Based on a common origin, all these clinical manifestations are currently grouped under the single term "atherothrombotic disease."
PATHOPHYSIOLOGY
From the pathophysiological point of view, atherosclerosis is a single systemic disease caused by a common process, regardless of the vascular territory involved.
Different studies demonstrate that evidence of atherosclerosis can be detected as early as the second or third decade of life, prior to the onset of clinical signs.1-3 Atherosclerosis begins with the dysfunction of the endothelium (the natural barrier between the blood flow and the arterial wall). Its main function is to render the wall "nonadhesive" and capable of adapting to the rheological needs of the arterial vessel. The initial lesions are fatty streaks, which consist of the subendothelial accumulation of cholesterol-loaded macrophages (foam cells) that appear very early in the aorta, subsequently in the coronary arteries and, later, in the cerebral circulation.4 Once the endothelium becomes dysfunctional, it allows low-density lipoprotein (LDL) cholesterol molecules to penetrate the arterial wall through the endothelium. In an attempt to contain this "invasion", monocytes/macrophages phagocytose the previously oxidized LDL cholesterol and become cholesterol-loaded cells. When the macrophages are replete with cholesterol, they become foam cells. Due to the fact that cholesterol is not easily metabolized outside the liver, its continuous accumulation within the cells, which fail to thrive, leads them to commit "suicide" (apoptosis or programmed cell death),5 with the resulting release of prothrombotic substances, such as tissue factor. Following the death of the macrophage foam cells, the cholesterol is again released into the arterial wall, thus perpetuating the process.6,7 Finally, the cholesterol can crystallize, a factor that has recently been reported to destabilize the plaque.8
Endothelial dysfunction is a reversible systemic disorder that is considered to be the earliest disease process involved in atherosclerosis.9,10 It is the failure of the endothelium as a natural barrier, which not only promotes incompetence at the functional level, but permits the infiltration of the arterial wall by different harmful substances, including the recruitment of inflammatory cells in the vessel wall.
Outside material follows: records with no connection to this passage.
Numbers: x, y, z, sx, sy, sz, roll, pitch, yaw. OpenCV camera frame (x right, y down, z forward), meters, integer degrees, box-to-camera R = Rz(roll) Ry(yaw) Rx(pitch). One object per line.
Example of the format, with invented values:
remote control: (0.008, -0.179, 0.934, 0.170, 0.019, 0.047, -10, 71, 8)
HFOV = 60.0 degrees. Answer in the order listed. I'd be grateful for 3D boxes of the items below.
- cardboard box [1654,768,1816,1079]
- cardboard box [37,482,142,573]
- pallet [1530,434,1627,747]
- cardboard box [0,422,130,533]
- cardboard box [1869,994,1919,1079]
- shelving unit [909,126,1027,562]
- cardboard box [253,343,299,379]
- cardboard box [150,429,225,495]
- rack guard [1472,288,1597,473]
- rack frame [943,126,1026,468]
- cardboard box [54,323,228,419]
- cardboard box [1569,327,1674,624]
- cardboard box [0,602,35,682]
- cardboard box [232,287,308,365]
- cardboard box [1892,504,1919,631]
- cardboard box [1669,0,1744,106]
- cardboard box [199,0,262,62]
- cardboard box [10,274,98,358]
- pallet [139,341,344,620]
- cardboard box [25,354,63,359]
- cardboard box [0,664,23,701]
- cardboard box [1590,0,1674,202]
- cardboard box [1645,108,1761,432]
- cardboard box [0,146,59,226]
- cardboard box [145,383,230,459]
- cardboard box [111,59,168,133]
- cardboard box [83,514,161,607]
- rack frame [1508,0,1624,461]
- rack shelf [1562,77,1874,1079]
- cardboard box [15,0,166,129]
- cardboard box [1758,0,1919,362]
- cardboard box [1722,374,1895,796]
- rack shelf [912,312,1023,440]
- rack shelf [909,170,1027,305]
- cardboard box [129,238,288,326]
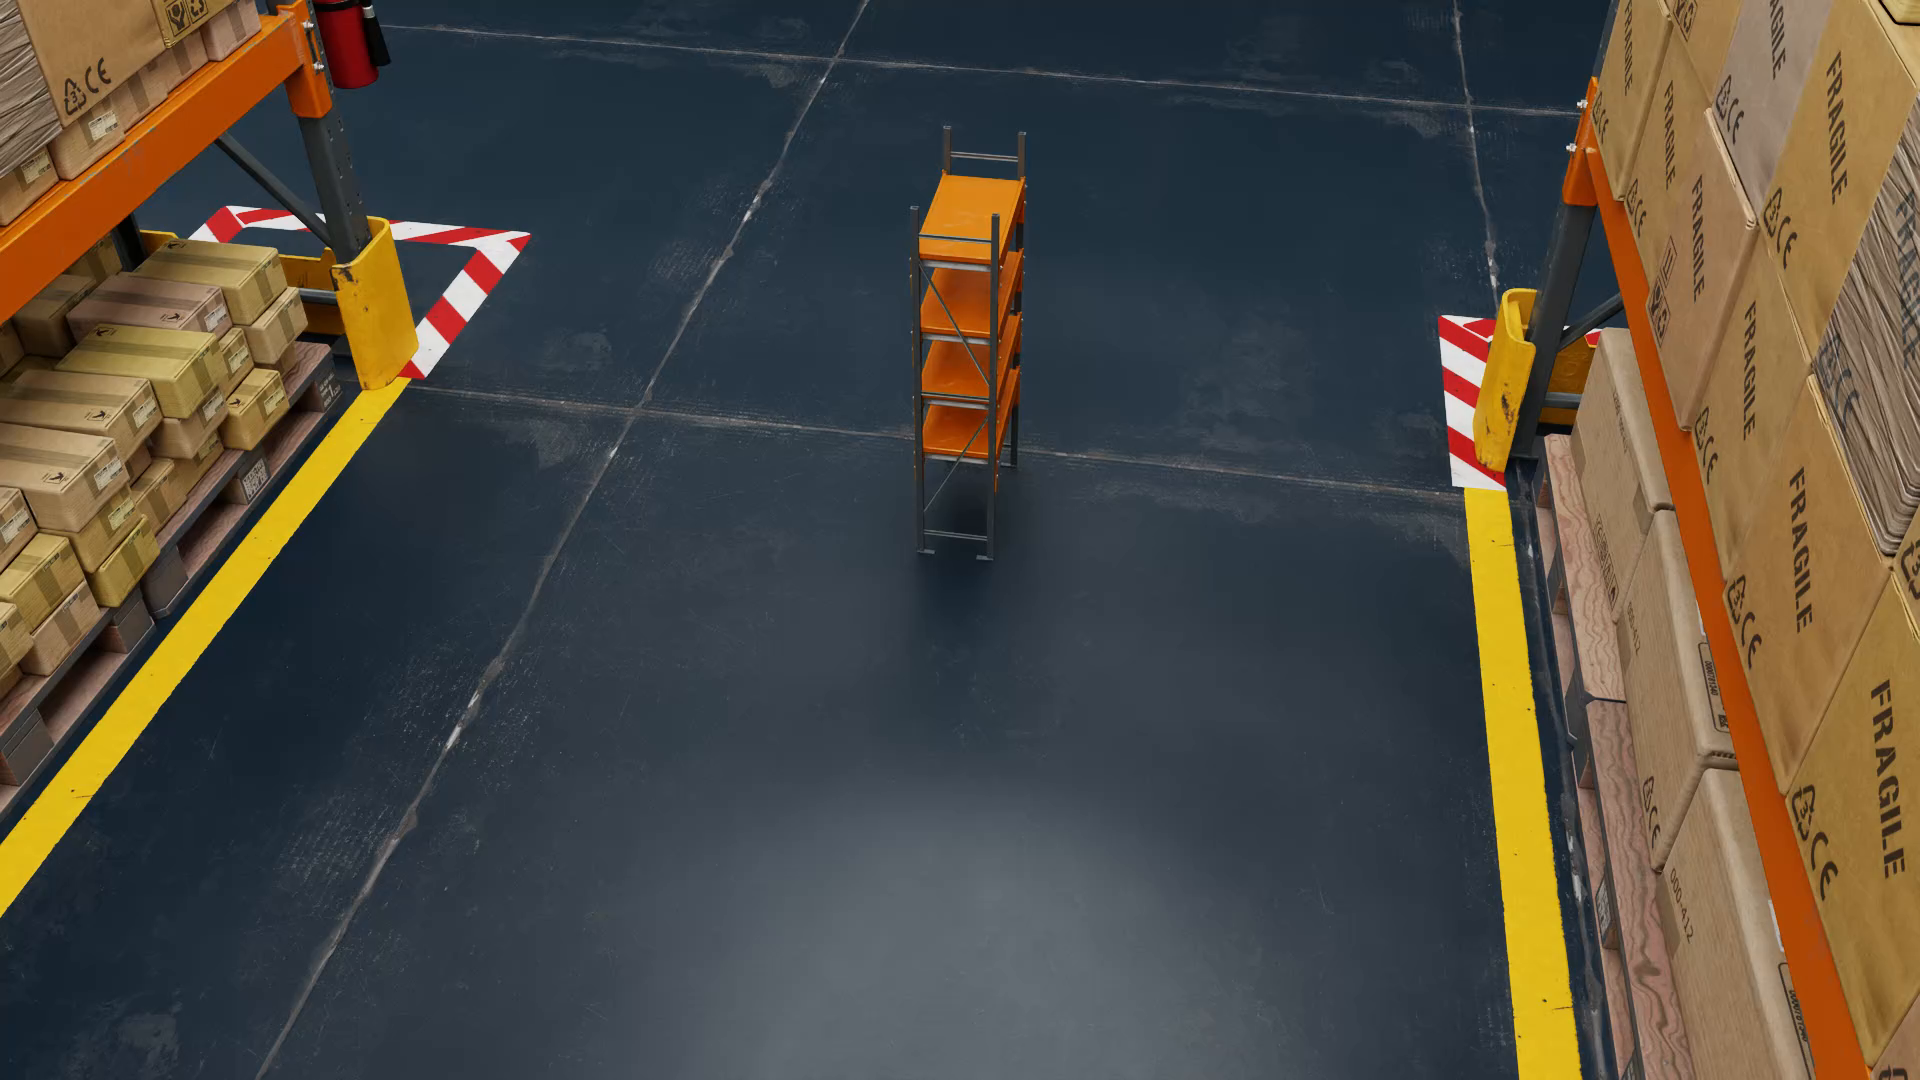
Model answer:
cardboard box: (2.001, 0.975, 3.398, 0.875, 0.438, 0.875, 5, 40, 6)
cardboard box: (-2.544, -0.062, 4.645, 0.380, 0.149, 0.250, 7, 40, 8)
pallet: (2.263, 0.168, 4.881, 1.003, 0.211, 1.213, 6, 40, 8)
cardboard box: (-2.529, -0.174, 4.547, 0.380, 0.149, 0.250, 8, 40, 9)
cardboard box: (1.461, 0.735, 1.928, 0.500, 0.500, 0.500, 7, 40, 8)
shelving unit: (0.029, -0.566, 4.993, 0.258, 1.200, 0.503, 6, 40, 8)
cardboard box: (-2.454, -0.609, 5.541, 0.380, 0.149, 0.250, 7, 40, 8)
cardboard box: (-2.530, -0.281, 5.143, 0.380, 0.149, 0.250, 6, 40, 7)
rack guard: (2.328, -0.469, 5.425, 1.175, 0.500, 0.348, 6, 40, 8)
rack frame: (0.071, -0.719, 5.179, 0.240, 1.200, 0.015, 6, 40, 8)
cardboard box: (-2.430, -0.504, 4.946, 0.380, 0.149, 0.250, 6, 40, 7)
cardboard box: (2.308, -0.166, 4.778, 0.875, 0.438, 0.875, 5, 40, 6)
cardboard box: (-2.627, 0.273, 4.240, 0.380, 0.149, 0.250, 7, 40, 8)
cardboard box: (-2.379, -0.715, 5.435, 0.380, 0.149, 0.250, 5, 40, 6)
cardboard box: (1.537, 0.025, 2.002, 0.500, 0.500, 0.500, 6, 40, 7)
cardboard box: (1.878, -1.246, 3.540, 0.500, 0.500, 0.500, 5, 40, 6)
cardboard box: (-2.347, -1.567, 4.988, 0.380, 0.149, 0.250, 6, 40, 8)
cardboard box: (-2.923, -0.714, 5.201, 0.380, 0.149, 0.250, 7, 40, 8)
pallet: (-2.757, -0.271, 5.412, 1.003, 0.211, 1.213, 6, 40, 8)
cardboard box: (-3.015, -0.611, 5.310, 0.380, 0.149, 0.250, 6, 40, 7)
cardboard box: (-2.727, 0.363, 4.365, 0.380, 0.149, 0.250, 7, 40, 9)
cardboard box: (1.958, -1.186, 4.252, 0.500, 0.500, 0.500, 6, 40, 7)
cardboard box: (1.792, -0.548, 3.481, 0.500, 0.500, 0.500, 6, 40, 7)
cardboard box: (-2.551, -0.931, 4.219, 0.380, 0.149, 0.250, 5, 40, 6)
cardboard box: (-2.467, -0.388, 5.040, 0.380, 0.149, 0.250, 5, 40, 6)
cardboard box: (-2.455, -1.256, 4.612, 0.380, 0.149, 0.250, 6, 40, 7)
cardboard box: (-2.542, 0.043, 4.752, 0.380, 0.149, 0.250, 5, 40, 6)
rack frame: (2.324, -1.417, 4.610, 1.000, 3.000, 0.127, 6, 40, 8)
rack shelf: (1.978, 0.115, 3.321, 1.077, 0.370, 4.000, 6, 40, 8)
cardboard box: (-2.487, -1.420, 4.301, 0.500, 0.500, 0.500, 6, 40, 7)
cardboard box: (1.711, -0.609, 2.770, 0.500, 0.500, 0.500, 7, 40, 8)
cardboard box: (1.617, 0.095, 2.703, 0.500, 0.500, 0.500, 6, 40, 7)
rack shelf: (0.029, -0.514, 5.036, 0.258, 0.148, 0.480, 6, 40, 8)
rack shelf: (0.029, -0.869, 4.743, 0.258, 0.148, 0.480, 6, 40, 8)
cardboard box: (-2.411, -0.832, 5.343, 0.380, 0.149, 0.250, 7, 40, 8)

Shear stress also plays a fundamental role not only in the formation of the atherosclerotic plaque, but in the differences in the composition and behavior of the plaques as well,11 even stimulating the expression of inflammatory genes and adhesion molecules by the endothelium.12
Activated endothelial cells produce cytokines and express adhesion molecules such as intercellular adhesion molecule 1 (ICAM-1) and vascular cell adhesion molecule 1 (VCAM-1). Blood cells with receptors for these adhesion molecules (lymphocytes, monocytes) bind to them and, due to the cytokines secreted, are stimulated to migrate through the endothelial junctions toward the intima, where they are transformed into macrophages, a step that is highly important in the development of atherosclerosis.14 The LDL cholesterol particles, which, under normal conditions, would be transported to the liver, undergo oxidation, a circumstance that provokes an inflammatory response and their uptake by macrophages.
As the lipid core of the atheromatous plaque grows due to the accumulation of LDL cholesterol particles and macrophages, smooth muscle cells migrate from the media toward the intima. These cells produce and secrete collagen and fibrous elements of the extracellular matrix, resulting in the formation of the fibrous covering of the fibroatheromatous plaques. Initially, these plaques do not reduce the vascular lumen because there is a compensatory dilatation of the vascular wall (positive remodeling).15 The plaque grows eccentrically, causing the thinning of the media and adventitia, until the compensatory dilatation can no longer continue, at which time, the plaque begins to grow toward the center of the vascular lumen, compromising the blood flow.
Most acute cardiovascular events are not caused by the progressive narrowing of the vascular lumen, but by complications involving the atherosclerotic plaque (rupture, ulceration, hemorrhage, erosion) that provoke acute vascular occlusion due to vessel thrombosis.
EARLY DETECTION OF ATHEROSCLEROSIS USING IMAGING TECHNIQUES
As we mentioned above, atherosclerosis can develop as early as the second or third decade of life. Moreover, the lesions that provoke the symptoms often are not stenotic and, thus, are not detectable by conventional contrast angiography. For this reason, the visualization and composition of the plaque is more important than the degree of stenosis.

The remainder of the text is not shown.